DATA EXTRACT -
────────────────

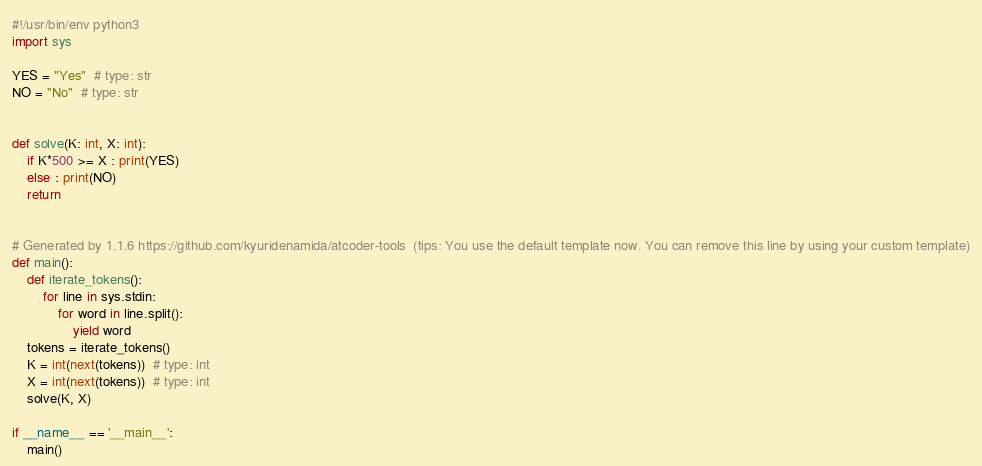<code> <loc_0><loc_0><loc_500><loc_500><_Python_>#!/usr/bin/env python3
import sys

YES = "Yes"  # type: str
NO = "No"  # type: str


def solve(K: int, X: int):
    if K*500 >= X : print(YES)
    else : print(NO)
    return


# Generated by 1.1.6 https://github.com/kyuridenamida/atcoder-tools  (tips: You use the default template now. You can remove this line by using your custom template)
def main():
    def iterate_tokens():
        for line in sys.stdin:
            for word in line.split():
                yield word
    tokens = iterate_tokens()
    K = int(next(tokens))  # type: int
    X = int(next(tokens))  # type: int
    solve(K, X)

if __name__ == '__main__':
    main()
</code> 
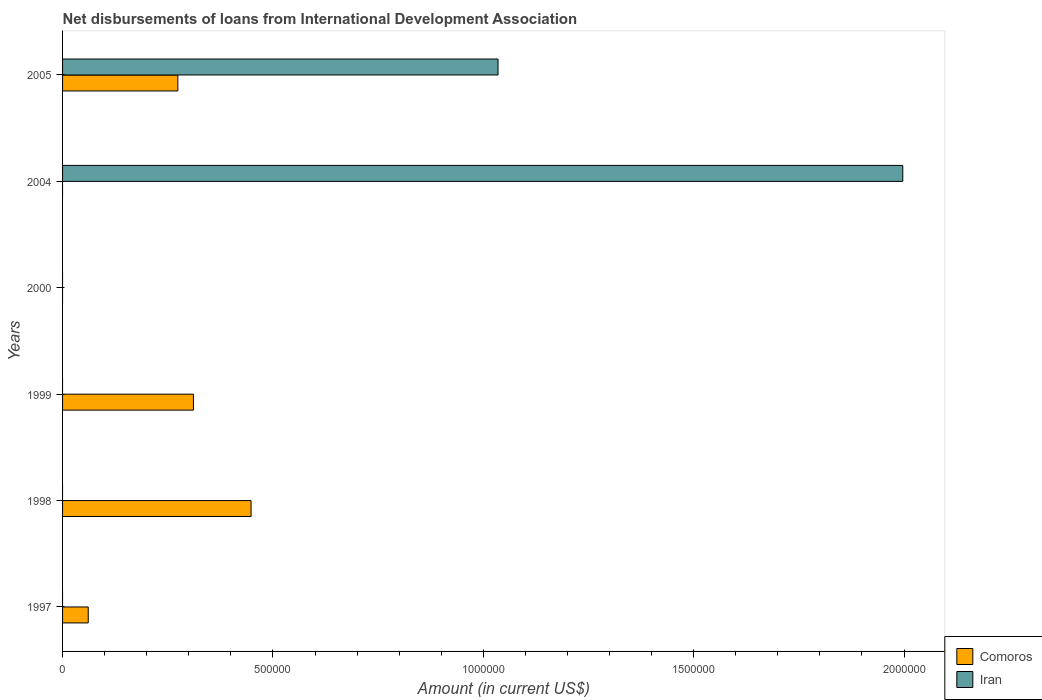How many different coloured bars are there?
Your answer should be compact. 2. How many bars are there on the 4th tick from the top?
Your response must be concise. 1. How many bars are there on the 1st tick from the bottom?
Your answer should be compact. 1. What is the label of the 4th group of bars from the top?
Offer a very short reply. 1999. In how many cases, is the number of bars for a given year not equal to the number of legend labels?
Your answer should be very brief. 5. What is the amount of loans disbursed in Iran in 2000?
Make the answer very short. 0. Across all years, what is the maximum amount of loans disbursed in Iran?
Ensure brevity in your answer.  2.00e+06. Across all years, what is the minimum amount of loans disbursed in Comoros?
Keep it short and to the point. 0. What is the total amount of loans disbursed in Comoros in the graph?
Provide a short and direct response. 1.09e+06. What is the difference between the amount of loans disbursed in Comoros in 1998 and that in 1999?
Offer a terse response. 1.37e+05. What is the difference between the amount of loans disbursed in Iran in 2005 and the amount of loans disbursed in Comoros in 1998?
Make the answer very short. 5.87e+05. What is the average amount of loans disbursed in Iran per year?
Offer a terse response. 5.05e+05. In the year 2005, what is the difference between the amount of loans disbursed in Iran and amount of loans disbursed in Comoros?
Offer a very short reply. 7.61e+05. In how many years, is the amount of loans disbursed in Iran greater than 1300000 US$?
Offer a terse response. 1. What is the ratio of the amount of loans disbursed in Iran in 2004 to that in 2005?
Offer a very short reply. 1.93. What is the difference between the highest and the second highest amount of loans disbursed in Comoros?
Offer a very short reply. 1.37e+05. What is the difference between the highest and the lowest amount of loans disbursed in Comoros?
Offer a very short reply. 4.48e+05. Is the sum of the amount of loans disbursed in Comoros in 1997 and 1998 greater than the maximum amount of loans disbursed in Iran across all years?
Your answer should be very brief. No. How many years are there in the graph?
Provide a succinct answer. 6. What is the difference between two consecutive major ticks on the X-axis?
Your response must be concise. 5.00e+05. What is the title of the graph?
Your answer should be compact. Net disbursements of loans from International Development Association. What is the label or title of the X-axis?
Make the answer very short. Amount (in current US$). What is the Amount (in current US$) in Comoros in 1997?
Your response must be concise. 6.10e+04. What is the Amount (in current US$) in Comoros in 1998?
Your response must be concise. 4.48e+05. What is the Amount (in current US$) of Iran in 1998?
Offer a very short reply. 0. What is the Amount (in current US$) of Comoros in 1999?
Provide a succinct answer. 3.11e+05. What is the Amount (in current US$) of Iran in 1999?
Keep it short and to the point. 0. What is the Amount (in current US$) of Iran in 2000?
Ensure brevity in your answer.  0. What is the Amount (in current US$) of Comoros in 2004?
Provide a succinct answer. 0. What is the Amount (in current US$) in Iran in 2004?
Your answer should be very brief. 2.00e+06. What is the Amount (in current US$) of Comoros in 2005?
Provide a short and direct response. 2.74e+05. What is the Amount (in current US$) of Iran in 2005?
Your answer should be very brief. 1.04e+06. Across all years, what is the maximum Amount (in current US$) of Comoros?
Keep it short and to the point. 4.48e+05. Across all years, what is the maximum Amount (in current US$) of Iran?
Provide a succinct answer. 2.00e+06. Across all years, what is the minimum Amount (in current US$) in Comoros?
Offer a terse response. 0. Across all years, what is the minimum Amount (in current US$) of Iran?
Provide a succinct answer. 0. What is the total Amount (in current US$) of Comoros in the graph?
Provide a succinct answer. 1.09e+06. What is the total Amount (in current US$) of Iran in the graph?
Keep it short and to the point. 3.03e+06. What is the difference between the Amount (in current US$) in Comoros in 1997 and that in 1998?
Provide a short and direct response. -3.87e+05. What is the difference between the Amount (in current US$) in Comoros in 1997 and that in 2005?
Your answer should be very brief. -2.13e+05. What is the difference between the Amount (in current US$) of Comoros in 1998 and that in 1999?
Offer a very short reply. 1.37e+05. What is the difference between the Amount (in current US$) in Comoros in 1998 and that in 2005?
Provide a succinct answer. 1.74e+05. What is the difference between the Amount (in current US$) of Comoros in 1999 and that in 2005?
Make the answer very short. 3.70e+04. What is the difference between the Amount (in current US$) of Iran in 2004 and that in 2005?
Give a very brief answer. 9.62e+05. What is the difference between the Amount (in current US$) of Comoros in 1997 and the Amount (in current US$) of Iran in 2004?
Your answer should be very brief. -1.94e+06. What is the difference between the Amount (in current US$) of Comoros in 1997 and the Amount (in current US$) of Iran in 2005?
Offer a terse response. -9.74e+05. What is the difference between the Amount (in current US$) of Comoros in 1998 and the Amount (in current US$) of Iran in 2004?
Provide a short and direct response. -1.55e+06. What is the difference between the Amount (in current US$) in Comoros in 1998 and the Amount (in current US$) in Iran in 2005?
Provide a succinct answer. -5.87e+05. What is the difference between the Amount (in current US$) of Comoros in 1999 and the Amount (in current US$) of Iran in 2004?
Offer a very short reply. -1.69e+06. What is the difference between the Amount (in current US$) of Comoros in 1999 and the Amount (in current US$) of Iran in 2005?
Your answer should be compact. -7.24e+05. What is the average Amount (in current US$) of Comoros per year?
Give a very brief answer. 1.82e+05. What is the average Amount (in current US$) of Iran per year?
Ensure brevity in your answer.  5.05e+05. In the year 2005, what is the difference between the Amount (in current US$) of Comoros and Amount (in current US$) of Iran?
Make the answer very short. -7.61e+05. What is the ratio of the Amount (in current US$) in Comoros in 1997 to that in 1998?
Offer a terse response. 0.14. What is the ratio of the Amount (in current US$) of Comoros in 1997 to that in 1999?
Give a very brief answer. 0.2. What is the ratio of the Amount (in current US$) of Comoros in 1997 to that in 2005?
Your response must be concise. 0.22. What is the ratio of the Amount (in current US$) in Comoros in 1998 to that in 1999?
Give a very brief answer. 1.44. What is the ratio of the Amount (in current US$) of Comoros in 1998 to that in 2005?
Offer a very short reply. 1.64. What is the ratio of the Amount (in current US$) of Comoros in 1999 to that in 2005?
Ensure brevity in your answer.  1.14. What is the ratio of the Amount (in current US$) of Iran in 2004 to that in 2005?
Ensure brevity in your answer.  1.93. What is the difference between the highest and the second highest Amount (in current US$) in Comoros?
Ensure brevity in your answer.  1.37e+05. What is the difference between the highest and the lowest Amount (in current US$) of Comoros?
Give a very brief answer. 4.48e+05. What is the difference between the highest and the lowest Amount (in current US$) in Iran?
Ensure brevity in your answer.  2.00e+06.

────────────────

ACTIVITY -
Would you please copy, word for word, everything above from the line containing "Provide a succinct answer. 6." down to the line containing "Provide a succinct answer. 0. What is the total", those two lines included?

WRITTEN REPLY -
Provide a succinct answer. 6. What is the difference between two consecutive major ticks on the X-axis?
Your response must be concise. 5.00e+05. What is the title of the graph?
Your answer should be compact. Net disbursements of loans from International Development Association. What is the label or title of the X-axis?
Make the answer very short. Amount (in current US$). What is the Amount (in current US$) in Comoros in 1997?
Your response must be concise. 6.10e+04. What is the Amount (in current US$) in Comoros in 1998?
Your response must be concise. 4.48e+05. What is the Amount (in current US$) of Iran in 1998?
Offer a very short reply. 0. What is the Amount (in current US$) of Comoros in 1999?
Provide a succinct answer. 3.11e+05. What is the Amount (in current US$) of Iran in 1999?
Keep it short and to the point. 0. What is the Amount (in current US$) of Iran in 2000?
Ensure brevity in your answer.  0. What is the Amount (in current US$) of Comoros in 2004?
Provide a succinct answer. 0. What is the Amount (in current US$) in Iran in 2004?
Your answer should be very brief. 2.00e+06. What is the Amount (in current US$) of Comoros in 2005?
Provide a short and direct response. 2.74e+05. What is the Amount (in current US$) of Iran in 2005?
Your answer should be very brief. 1.04e+06. Across all years, what is the maximum Amount (in current US$) of Comoros?
Keep it short and to the point. 4.48e+05. Across all years, what is the maximum Amount (in current US$) of Iran?
Provide a succinct answer. 2.00e+06. Across all years, what is the minimum Amount (in current US$) in Comoros?
Offer a terse response. 0. Across all years, what is the minimum Amount (in current US$) of Iran?
Provide a succinct answer. 0. What is the total Amount (in current US$) of Comoros in the graph?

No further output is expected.